Our study has several strengths and limitations. Strength is that we included a group of older adults from Turkish, Moroccan and Dutch from urban areas in the The Netherlands, where most of the immigrant groups live. Also we were able to include persons who did not speak Dutch or who were illiterate by using interviewers that spoke the language of the respondent, and by using questionnaires translated by professional translators available in Moroccan dialects and Turkish language that were verbally executed. A limitation is that among the immigrant groups the cooperation rate was low. This seems a common problem, across Europe studies report challenges with cooperation rates among older migrants (Lipson and Meleis 1989), as well as in the Netherlands (Reijneveld et al. 2007). Little is known about the characteristics of the persons who do not participate in this study. This makes it difficult to estimate how this has affected our results. The use of only self-report measures may also be considered a limitation. Some ethnic minority groups may be more inclined to give socially desirable answers (Reijneveld 1998; Reijneveld and Stronks 1999), which may have resulted in underreporting depressive symptoms. It is suggested that underreporting could be based on socio-economic factors, health problems, trust issues and time constraints (Spijker et al. 2004).

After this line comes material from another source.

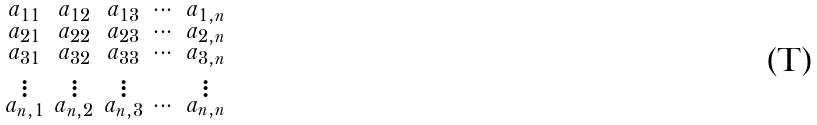Convert formula to latex. <formula><loc_0><loc_0><loc_500><loc_500>\begin{smallmatrix} a _ { 1 1 } & a _ { 1 2 } & a _ { 1 3 } & \cdots & a _ { 1 , n } \\ a _ { 2 1 } & a _ { 2 2 } & a _ { 2 3 } & \cdots & a _ { 2 , n } \\ a _ { 3 1 } & a _ { 3 2 } & a _ { 3 3 } & \cdots & a _ { 3 , n } \\ \vdots & \vdots & \vdots & & \vdots \\ a _ { n , 1 } & a _ { n , 2 } & a _ { n , 3 } & \cdots & a _ { n , n } \end{smallmatrix}</formula> 
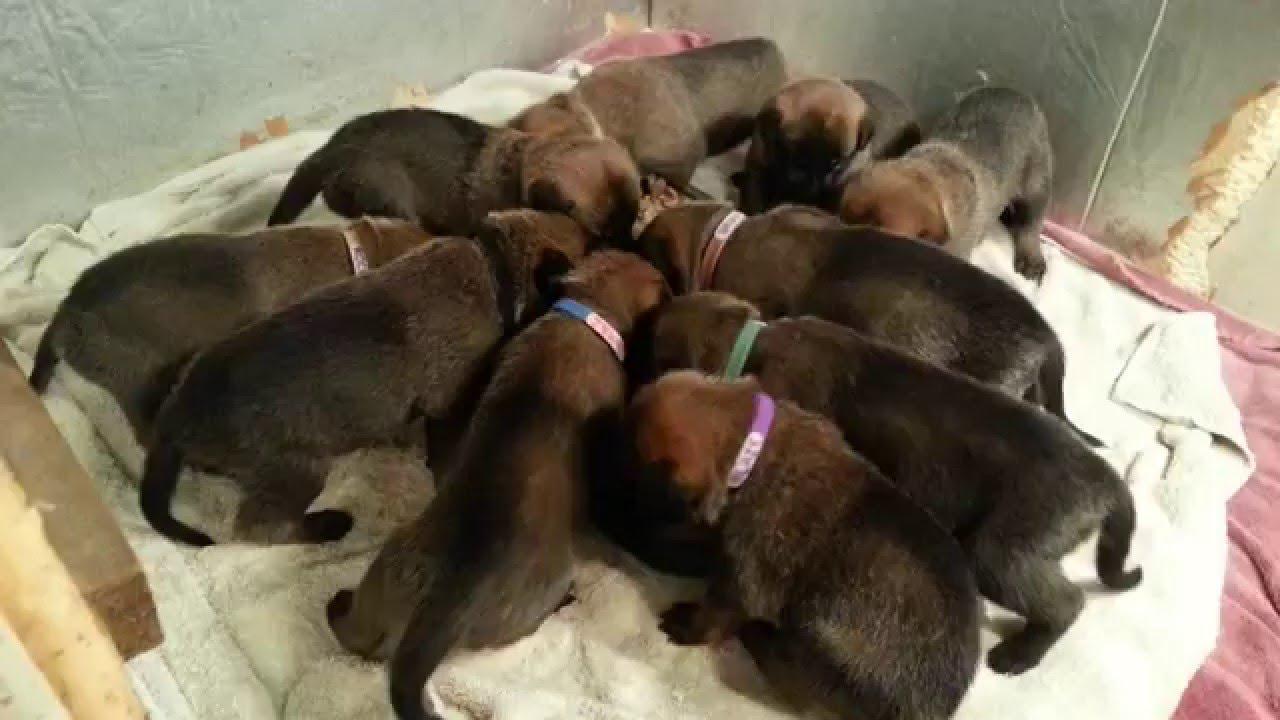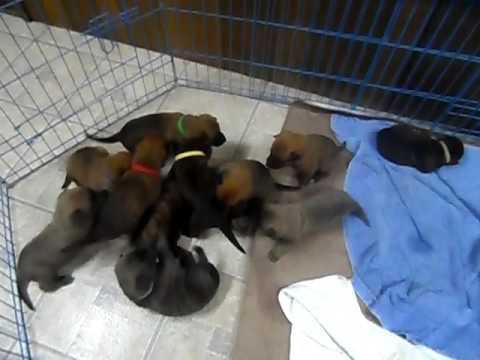The first image is the image on the left, the second image is the image on the right. Given the left and right images, does the statement "The puppies in at least one of the images are in a wired cage." hold true? Answer yes or no. Yes. The first image is the image on the left, the second image is the image on the right. For the images shown, is this caption "Each image shows a pile of puppies, and at least one pile of puppies is surrounded by a wire enclosure." true? Answer yes or no. Yes.

It is worrying that the immigrant groups report much more depressive symptoms than their native Dutch peers. A previous Dutch study among adult immigrant groups showed already in 2008 higher prevalence rates for depressive disorders among Turkish and Moroccan immigrants as compared to their native Dutch peers (De Wit et al. 2008). Nonetheless, it has been shown that Turkish and Moroccan immigrants make relatively little use of mental health care facilities (Kamperman et al. 2007). It is therefore questionable whether these symptoms are adequately recognised by health care practitioners or by the Turkish and Moroccan immigrants themselves. One reason might be that language barriers occur between health practitioners and immigrants (Fransen et al. 2013; Rademakers 2014). Language barriers go beyond the ability to speak Dutch but include cultural differences in the interpretation of mental illness (i.e. of the taboos resting on mental illness) as well as an individual’s own knowledge and understanding of mental illness (Fransen et al. 2013). Based on the results of this study, it is important that health professionals are aware of the high prevalence rates of depression among older immigrants and that the individual depressive symptoms are systematically asked for in these migrants when they are suspect for depression. In addition, the finding that Turkish immigrants might display lower positive affect than Moroccan immigrants might be an important lead for health professionals to pay extra attention to.

In conclusion, the four subscales of the CES-D to measure depressive symptoms were measurement invariant in older adults of Dutch, Turkish and Moroccan origin. Given this finding, we were able to compare the prevalence of depressive symptoms across these three groups and found that the Turkish and Moroccan immigrants aged 55–65 years, reported more depressive symptoms on all four domains, compared to the Dutch. Health care professionals should be sensitive for mental health problems among these older immigrant groups.